La Misión, conformada por diez organizaciones de derechos humanos, se entrevistó con autoridades municipales, estatales, federales relacionadas con la migración y con los actos de hostigamiento contra defensores. Hoy, de manera preliminar, presentamos algunos puntos de gran preocupación. La Misión  presentará próximamente su informe.

Dentro de la Misión  de Observación se pudo constatar la situación de vulnerabilidad y riesgo que enfrentan los defensores y defensoras de derechos humanos, en particular aquellas que se encuentran trabajando a favor de las personas migrantes.

Como el propio relator de trabajadores migrantes y sus familias de la CIDH expresó en el informe preliminar publicado después de su reciente visita a México, los defensores de migrantes a sus tareas suman la de “combatir la negligencia de las autoridades al denunciar hechos en el ámbito penal y público asumiendo con ello las consecuentes amenazas y riesgos a la vida y a la integridad.”

La Misión  quiere recalcar que la mejor garantía y protección para las y los defensores la constituye el combate contra la impunidad.  Especial preocupación causa que la CNDH no haya concluido en recomendación ninguna de las quejas presentadas de 2010 a la fecha contra autoridades de migración, así como el hecho de que las autoridades estatales y municipales incumplan las medidas cautelares otorgadas por la CNDH a favor de los defensores, así como la pasividad del organismo público nacional de derechos humanos para exigir su cumplimiento.

Por su parte, el comandante de la 38 zona militar reconoció su responsabilidad en la reciente retención y hostigamiento contra Fray Tomás González, Rubén Figueroa y otras personas que los acompañaban, no obstante hasta la fecha no se ha castigado a ninguno de los responsables.

La Misión  exige a las autoridades actuar de acuerdo con la Declaración Sobre el Derecho de las Personas, los Grupos y las instituciones de Promover y Proteger los Derechos Humanos, garantizando a las y los defensores las condiciones para desarrollar su trabajo.

No obstante la nueva ley de migración y la reciente depuración del Instituto Nacional de Migración, los testimonios de las y los migrantes reflejan la extorsión por parte de la policía municipal y autoridades de migración. La tolerancia de la explotación infantil pudo constatarse en la denuncia de varios actores.

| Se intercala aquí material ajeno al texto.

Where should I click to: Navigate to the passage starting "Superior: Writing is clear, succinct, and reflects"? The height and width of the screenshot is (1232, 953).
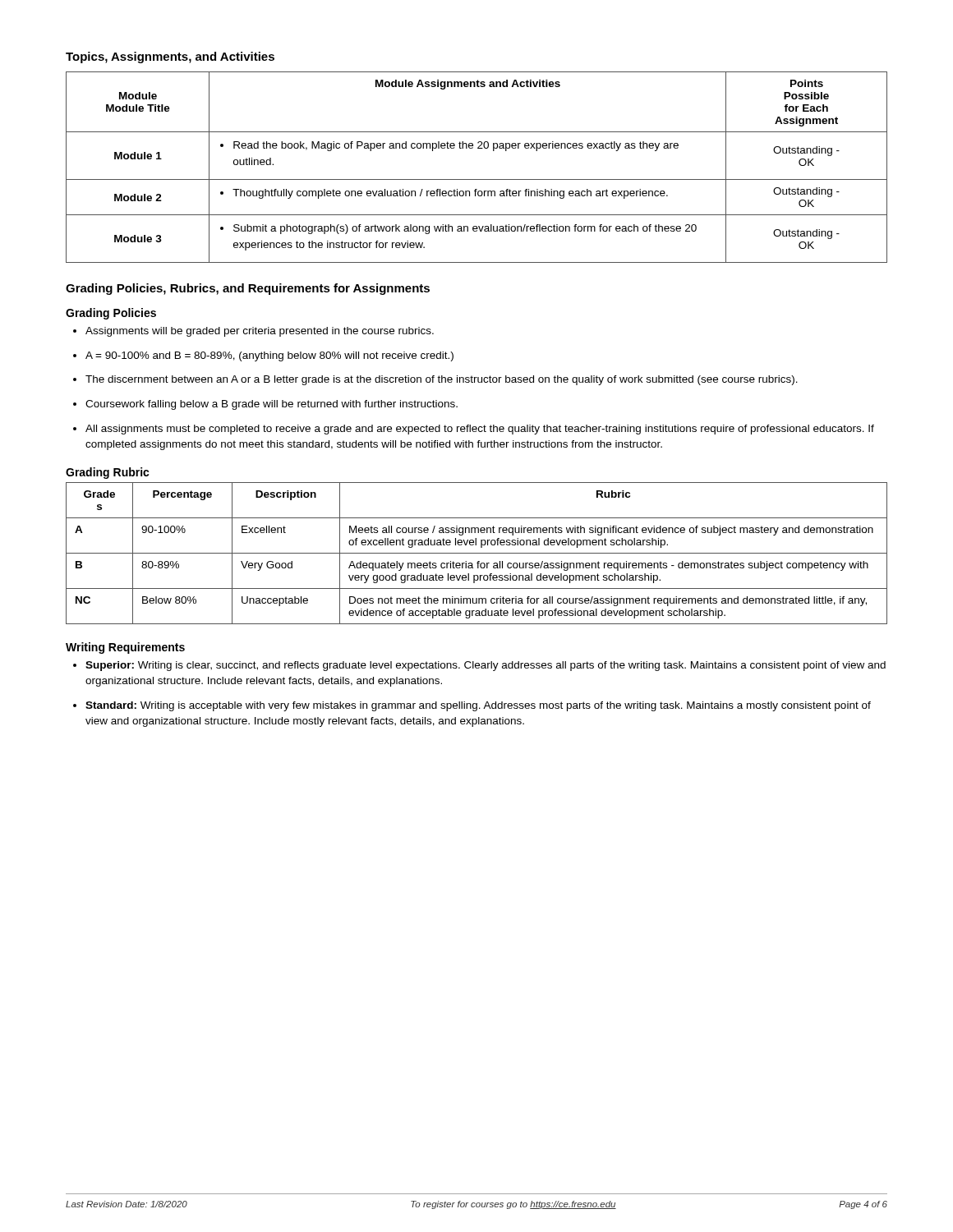476,673

Ante las críticas condiciones a las que se enfrentan desplazados, migrantes, defensoras y defensores en Tenosique, la Misión  Civil de Observación, al concluir su visita “in situ” hace las siguientes exigencias inmediatas, de manera preliminar.

a.- Al los gobierno de Guatemala y México:

Que establezcan las medidas necesarias, desde los estándares más altos en materia de derechos humanos de las personas desplazadas, para garantizar la vida digna de la comunidad guatemalteca de Nueva Esperanza. En particular instamos al gobierno de Guatemala a establecer condiciones mínimas de retorno que garanticen a las y los desplazados poder regresar a su comunidad, así como adecuadas medidas de reparación del daño.

b. Al gobierno mexicano. Impulsar las medidas necesarias para reducir el riesgo que los migrantes viven al momento de ingresar a México. Urgimos en particular al Ejecutivo Federal y al  Congreso de la Unión para impulsar y legislar una visa temporal de trasmigrante que minimice los riesgos a los que se ven sometidas las personas migrantes en su trayecto por el país.

c. A los cuerpos de seguridad pública municipal, estatal y federal: que garanticen la integridad física y psicológica de las personas migrantes, así como la de aquellas personas que se dedican a su defensa. En particular, instamos  a los cuerpos policíacos a no obstaculizar la labor de las y los defensores y no criminalizar a las personas migrantes que transitan por la zona de Tenosique.